- **Required work**: Give the data again exactly as written, without any of its pictures.

- **Data segment**:
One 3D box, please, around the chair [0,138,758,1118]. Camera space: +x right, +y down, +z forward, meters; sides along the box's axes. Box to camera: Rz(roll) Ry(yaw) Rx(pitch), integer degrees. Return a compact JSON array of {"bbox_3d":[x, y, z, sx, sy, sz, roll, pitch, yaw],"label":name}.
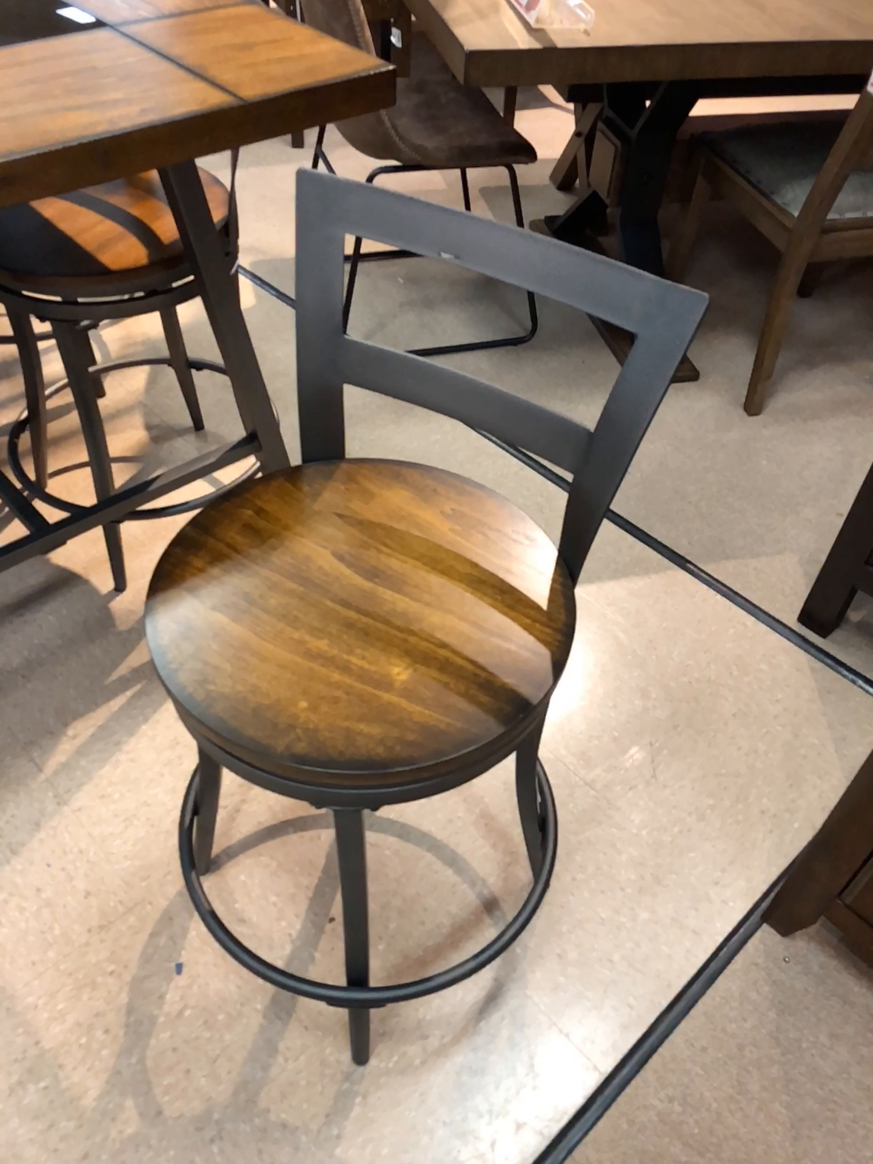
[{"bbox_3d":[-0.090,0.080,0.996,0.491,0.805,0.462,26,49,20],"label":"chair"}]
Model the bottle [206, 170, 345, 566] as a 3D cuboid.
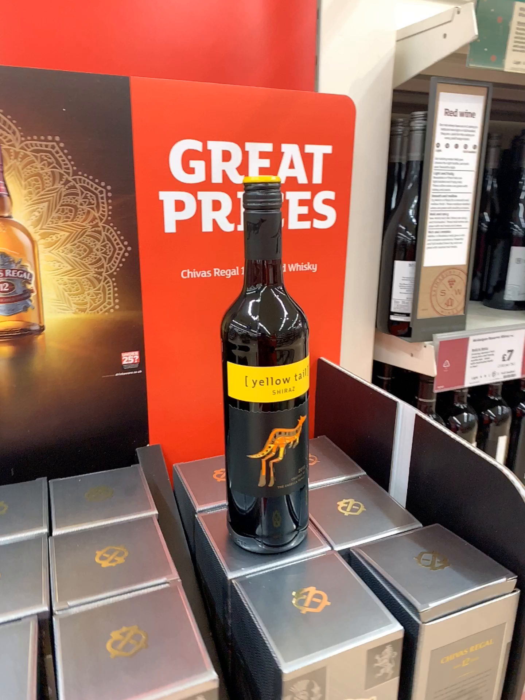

- **Written answer**:
One 3D box, please, around the chair [0,138,758,1118]. Camera space: +x right, +y down, +z forward, meters; sides along the box's axes. Box to camera: Rz(roll) Ry(yaw) Rx(pitch), integer degrees. Return a compact JSON array of {"bbox_3d":[x, y, z, sx, sy, sz, roll, pitch, yaw],"label":name}.
[{"bbox_3d":[-0.090,0.080,0.996,0.491,0.805,0.462,26,49,20],"label":"chair"}]
Model the bottle [206, 170, 345, 566] as a 3D cuboid.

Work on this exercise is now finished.